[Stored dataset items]
________________________

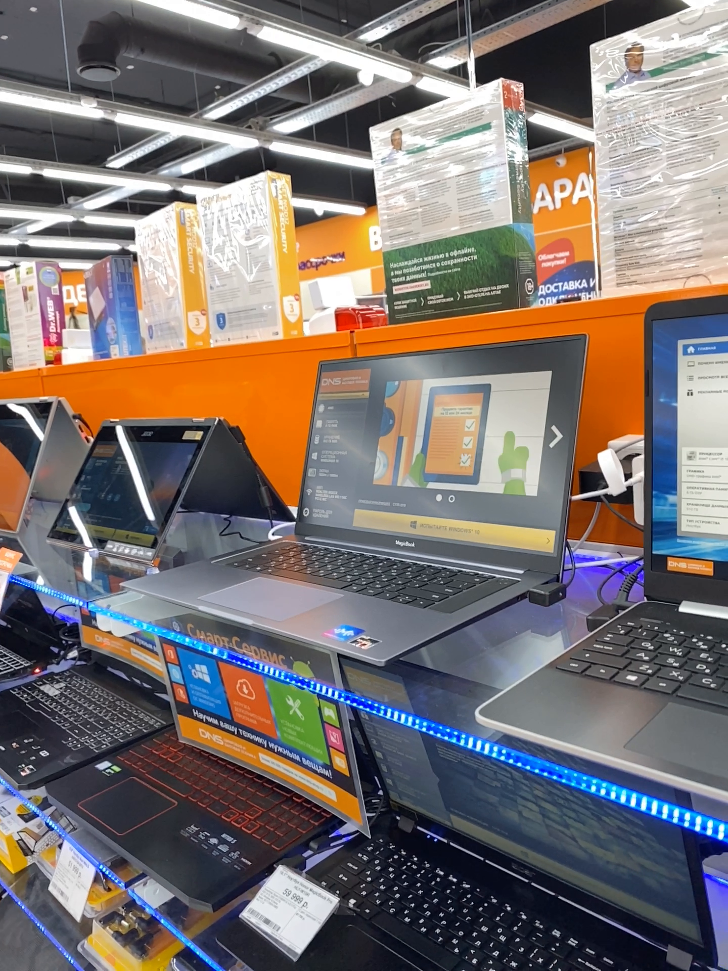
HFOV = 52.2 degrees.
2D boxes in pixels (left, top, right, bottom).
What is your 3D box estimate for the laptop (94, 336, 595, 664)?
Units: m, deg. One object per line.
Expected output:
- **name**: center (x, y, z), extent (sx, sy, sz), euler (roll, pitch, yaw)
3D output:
- **laptop**: center (-0.021, -0.018, 0.735), extent (0.368, 0.207, 0.314), euler (4, 13, 45)
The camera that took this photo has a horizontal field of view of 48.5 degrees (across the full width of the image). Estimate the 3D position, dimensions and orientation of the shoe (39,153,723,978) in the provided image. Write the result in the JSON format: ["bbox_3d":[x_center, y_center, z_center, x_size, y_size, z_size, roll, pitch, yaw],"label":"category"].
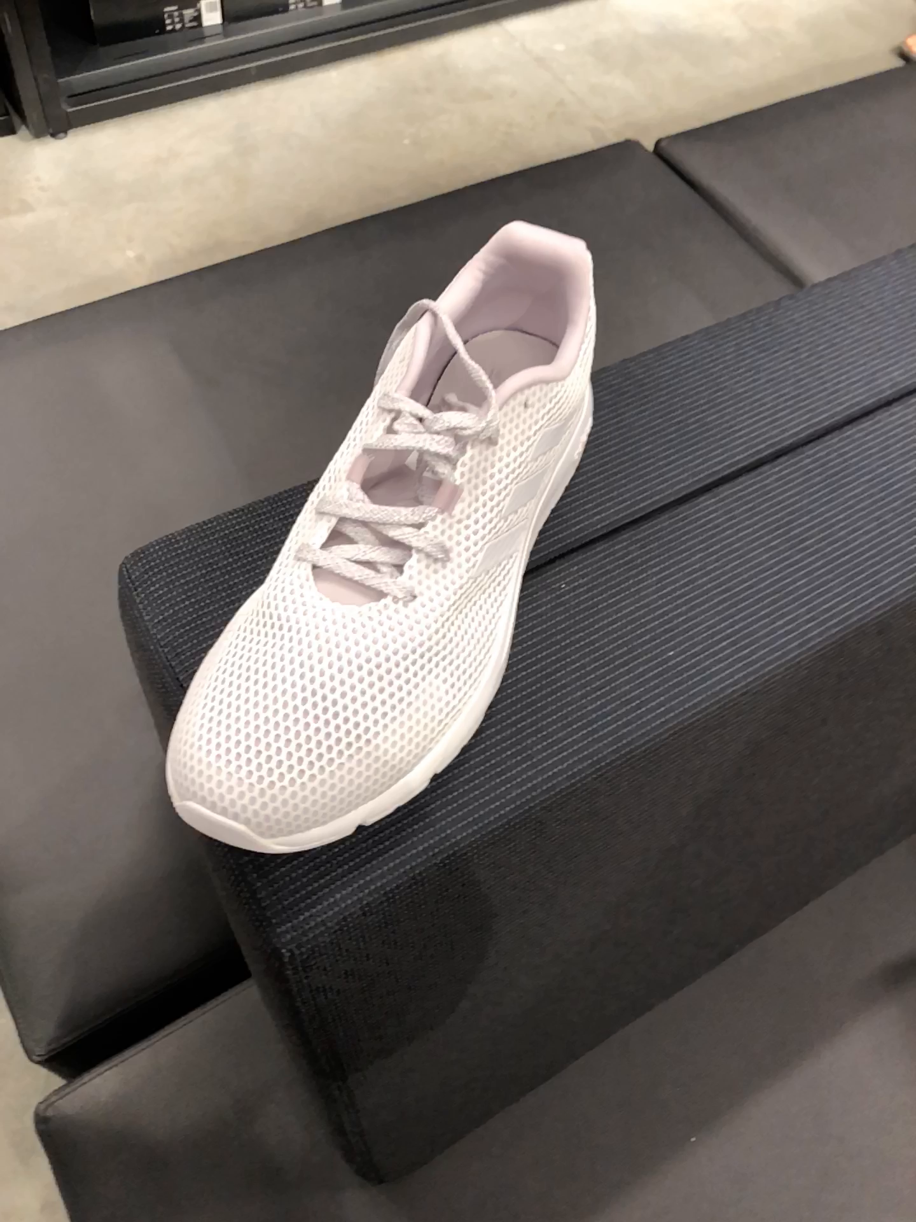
[{"bbox_3d":[-0.011,-0.027,0.407,0.120,0.140,0.280,23,59,9],"label":"shoe"}]

________________________

[WHAT IS BEING ASKED] Your task is a word-for-word transcription of the entries, leaving out all pictures.

[WRITTEN SOLUTION]
HFOV = 52.2 degrees.
2D boxes in pixels (left, top, right, bottom).
What is your 3D box estimate for the laptop (94, 336, 595, 664)?
Units: m, deg. One object per line.
Expected output:
- **name**: center (x, y, z), extent (sx, sy, sz), euler (roll, pitch, yaw)
3D output:
- **laptop**: center (-0.021, -0.018, 0.735), extent (0.368, 0.207, 0.314), euler (4, 13, 45)
The camera that took this photo has a horizontal field of view of 48.5 degrees (across the full width of the image). Estimate the 3D position, dimensions and orientation of the shoe (39,153,723,978) in the provided image. Write the result in the JSON format: ["bbox_3d":[x_center, y_center, z_center, x_size, y_size, z_size, roll, pitch, yaw],"label":"category"].
[{"bbox_3d":[-0.011,-0.027,0.407,0.120,0.140,0.280,23,59,9],"label":"shoe"}]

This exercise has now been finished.